On Thu, Oct 07, 2004 at 10:02:39PM -0400, John Weiss wrote:
> - If the LyX kernel treats something in a character-like fashion, go
>   with entities.
> 
>   Example:  Say that the LyX file "command" for a non-breaking space
>   is translated into a character, and that said character is then
>   translated to something else when the buffer exporter code
>   encounters that character.  Using the ' ' XML entity-reference
>   does this for you neatly.  And, it works with any special character.

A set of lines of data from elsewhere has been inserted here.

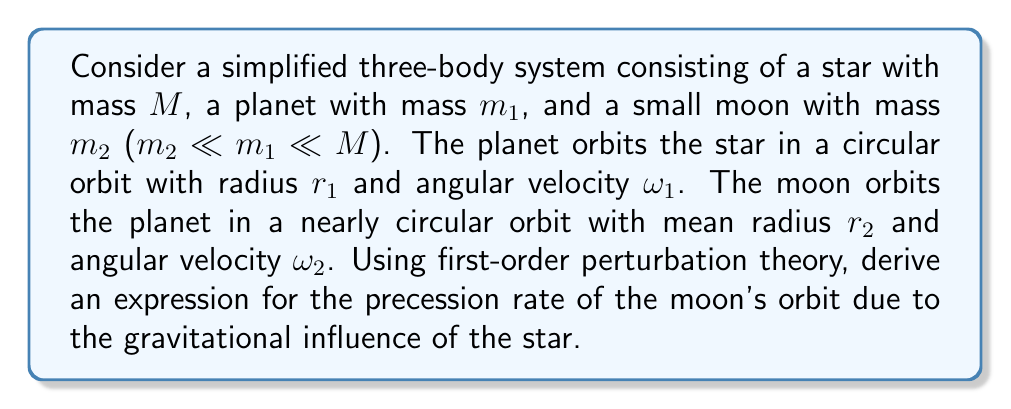Can you answer this question? 1) First, we set up the problem in a rotating reference frame that orbits with the planet around the star. In this frame, the star and planet are stationary, and we focus on the moon's motion.

2) The effective potential for the moon in this rotating frame is:

   $$V_{eff} = -\frac{GM}{|\vec{r} + \vec{r_1}|} - \frac{Gm_1}{r} - \frac{1}{2}\omega_1^2(x^2 + y^2)$$

   where $\vec{r}$ is the moon's position relative to the planet, and $\vec{r_1}$ is the planet's position relative to the star.

3) Expand this potential in powers of $r/r_1$, keeping terms up to second order:

   $$V_{eff} \approx -\frac{GM}{r_1} - \frac{Gm_1}{r} - \frac{1}{2}\omega_1^2r_1^2 + \frac{GM}{2r_1^3}(x^2 + y^2 - 2z^2) - \frac{1}{2}\omega_1^2(x^2 + y^2)$$

4) The last two terms represent the perturbation to the moon's orbit. We can simplify using Kepler's third law for the planet's orbit: $\omega_1^2 = GM/r_1^3$

   $$V_{perturb} = \frac{GM}{2r_1^3}(x^2 + y^2 - 2z^2) - \frac{GM}{2r_1^3}(x^2 + y^2) = -\frac{3GM}{2r_1^3}z^2$$

5) This perturbation has the form of a quadrupole moment. The effect on the orbit can be calculated using the standard results from perturbation theory for central force problems.

6) The precession rate of the orbital plane (nodal precession) due to a quadrupole moment is given by:

   $$\Omega = -\frac{3}{4}\frac{J_2}{\omega_2 r_2^2}$$

   where $J_2$ is the quadrupole moment coefficient.

7) In our case, $J_2 = GMr_2^2/r_1^3$, so the precession rate is:

   $$\Omega = -\frac{3}{4}\frac{GM}{\omega_2 r_1^3}$$

8) We can express $\omega_2$ in terms of $r_2$ using Kepler's third law for the moon's orbit around the planet:

   $$\omega_2^2 = \frac{Gm_1}{r_2^3}$$

9) Substituting this into our expression for $\Omega$:

   $$\Omega = -\frac{3}{4}\sqrt{\frac{Gm_1}{r_2^3}}\frac{M}{m_1}\left(\frac{r_2}{r_1}\right)^3$$

This is the precession rate of the moon's orbit due to the star's gravitational influence.
Answer: $$\Omega = -\frac{3}{4}\sqrt{\frac{Gm_1}{r_2^3}}\frac{M}{m_1}\left(\frac{r_2}{r_1}\right)^3$$ 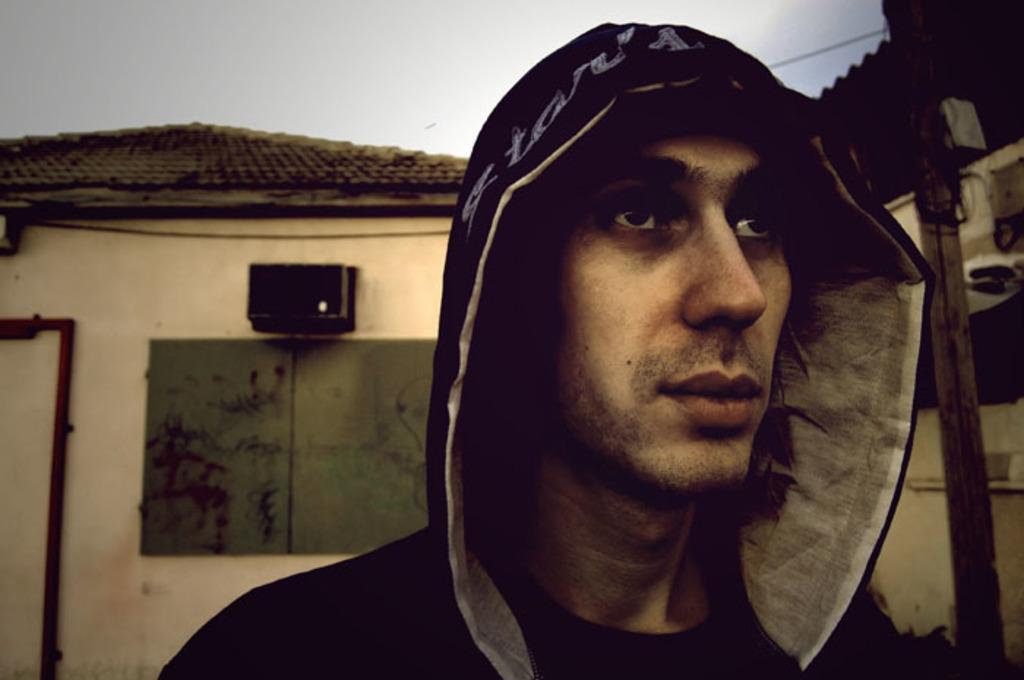How would you summarize this image in a sentence or two? In this image there is a person, behind the person there is a house. 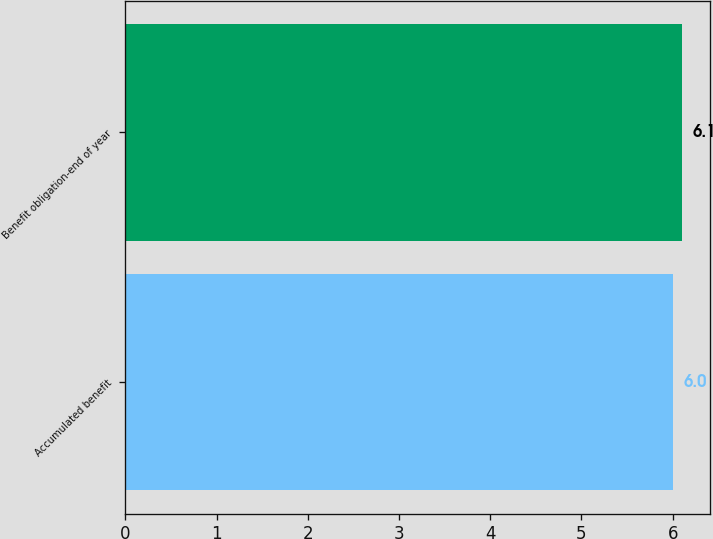Convert chart. <chart><loc_0><loc_0><loc_500><loc_500><bar_chart><fcel>Accumulated benefit<fcel>Benefit obligation-end of year<nl><fcel>6<fcel>6.1<nl></chart> 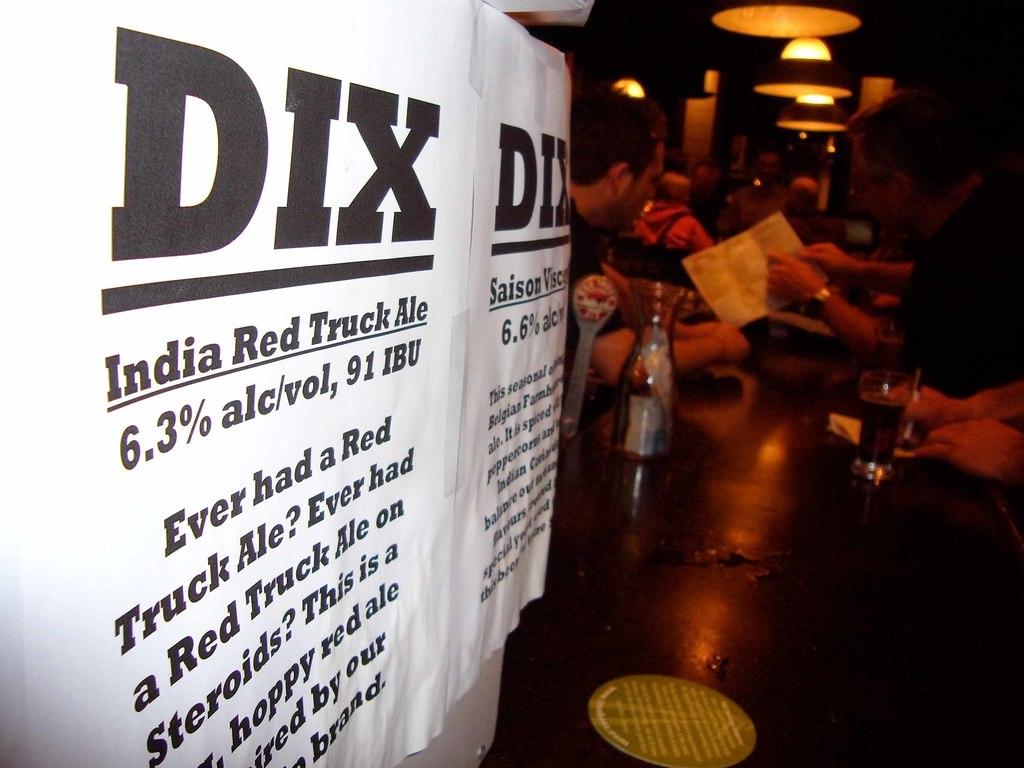What alcohol percentage is in dix ale?
Make the answer very short. 6.3%. What are the four words under the word "dix"?
Offer a terse response. India red truck ale. 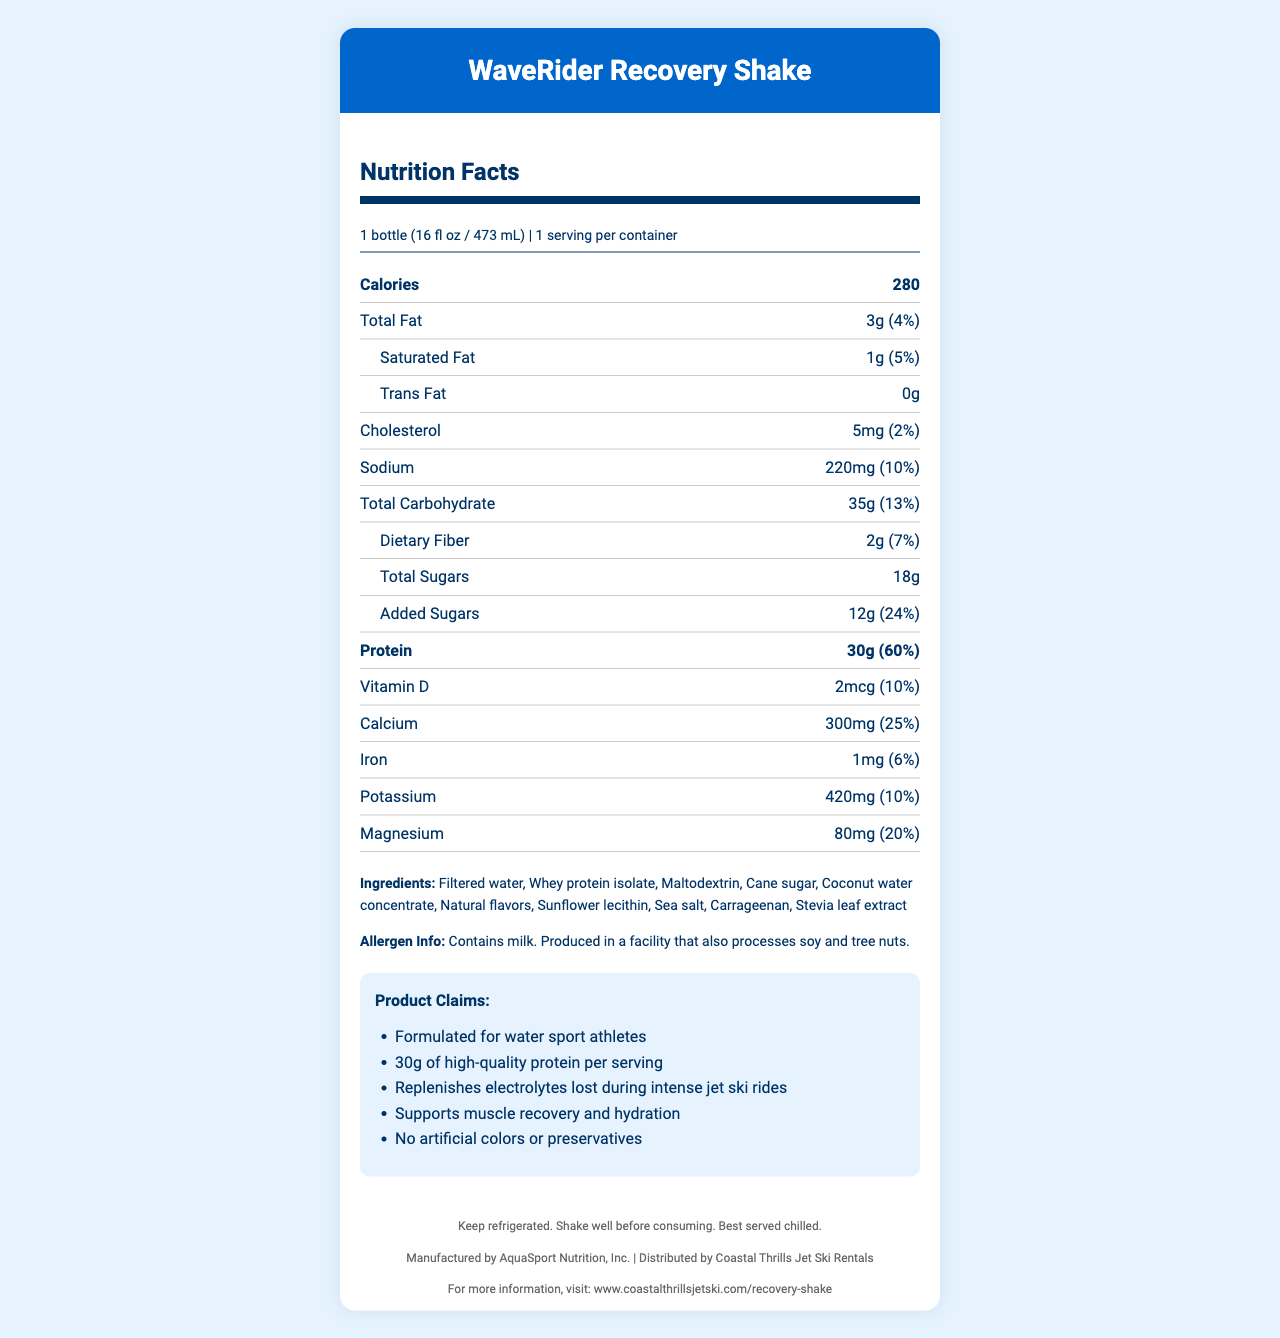what is the serving size for the WaveRider Recovery Shake? The serving size is clearly stated at the top of the Nutrition Facts section as "1 bottle (16 fl oz / 473 mL)".
Answer: 1 bottle (16 fl oz / 473 mL) how many calories does the WaveRider Recovery Shake contain per serving? The document lists the total calories per serving as 280 in the bold section under the nutrition facts.
Answer: 280 calories how much protein is in the WaveRider Recovery Shake? The amount of protein is listed in the bold section as "Protein 30g (60%)" under the nutrition facts.
Answer: 30g what is the daily value percentage for sodium? The daily value percentage for sodium is listed as "10%" in the nutrition facts section.
Answer: 10% list three ingredients in the WaveRider Recovery Shake. The ingredients section lists all the ingredients, including "Filtered water, Whey protein isolate, Maltodextrin".
Answer: Filtered water, Whey protein isolate, Maltodextrin which of the following nutrients has the highest daily value percentage? A. Vitamin D B. Calcium C. Iron D. Magnesium Calcium has a daily value percentage of 25%, which is higher than Vitamin D (10%), Iron (6%), and Magnesium (20%).
Answer: B. Calcium how much added sugar is in the WaveRider Recovery Shake? The amount of added sugars is listed in the nutrition facts section as "Added Sugars 12g (24%)".
Answer: 12g what allergens are present in the WaveRider Recovery Shake? The allergen information states "Contains milk".
Answer: Milk does the WaveRider Recovery Shake contain any artificial colors or preservatives? The product claims section mentions "No artificial colors or preservatives".
Answer: No True or False: The nutrition facts state that there are polyunsaturated fats in the WaveRider Recovery Shake. The document does not list any polyunsaturated fats in the nutrition facts section.
Answer: False summarize the main features and nutritional information of the WaveRider Recovery Shake. The document specifies detailed nutritional information, ingredients, allergen warnings, and claims for the shake, which are summarized in this answer.
Answer: The WaveRider Recovery Shake is a 16 fl oz recovery drink formulated for water sport athletes. It contains 280 calories per serving with 3g of total fat, 5mg of cholesterol, 220mg of sodium, 35g of total carbohydrates, 2g of dietary fiber, 18g of total sugars (including 12g of added sugars), and 30g of protein. The drink also provides several vitamins and minerals such as Vitamin D, calcium, iron, potassium, and magnesium. It's made with no artificial colors or preservatives and contains milk allergens. what is the percentage of daily value for dietary fiber? The percentage of daily value for dietary fiber is listed as "7%" in the nutrition facts section.
Answer: 7% how much magnesium is in the WaveRider Recovery Shake? The amount of magnesium is listed as "Magnesium 80mg (20%)" in the nutrition facts section.
Answer: 80mg what is the website for more information about the WaveRider Recovery Shake? The document provides the website for more information in the footer section.
Answer: www.coastalthrillsjetski.com/recovery-shake is the WaveRider Recovery Shake suitable for someone with a nut allergy? The document states that the product is produced in a facility that also processes tree nuts, but does not specify the exact nut cross-contact risk.
Answer: Not enough information who is the manufacturer of the WaveRider Recovery Shake? The footer section states that the shake is manufactured by AquaSport Nutrition, Inc.
Answer: AquaSport Nutrition, Inc. 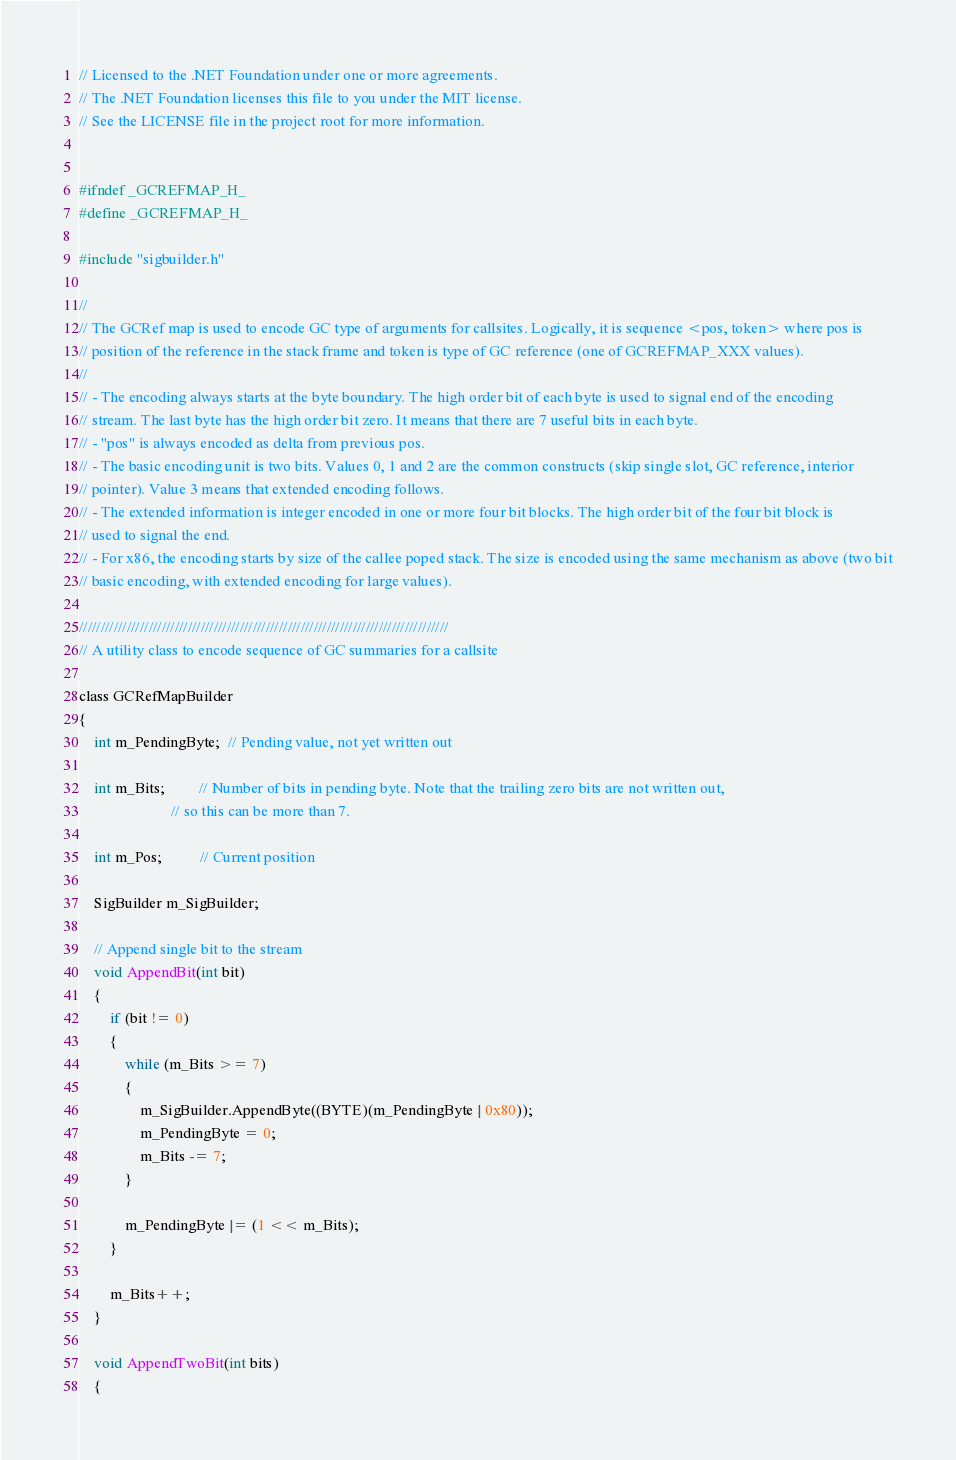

AFAICS only 'real characters' fall into this category nowadays withing
LyX. At least they should. Everything else is an 'inset', i.e. a 'real'
C++ object.

> - If the LyX kernel treats a command as an atomic token, better to
>   define it as such using XML namespaces instead of attributes.
> 
>   Example:  Suppose a non-breaking space ... and all of the other
>   "special chars" ... is treated as a command, not a character.
>   Semantically, it makes no sense to have a "<special_char />" tag and
>   pass the name of the char as an attribute.  It's also harder to deal
>   with in the DOM.  Better to create a "special_char" namespace and
>   define one tag per char:  "<special_char:nonbreaking_space/>",
>   "<special_char:ellipses>", etc.  The XML parser will create a
>   separate token for each of these, which is what you're doing under
>   the hood, anyhow.  (Well, at least the way I've constructed the
>   example, that's what you're doing.)

i.e. this category if I understand you correctly.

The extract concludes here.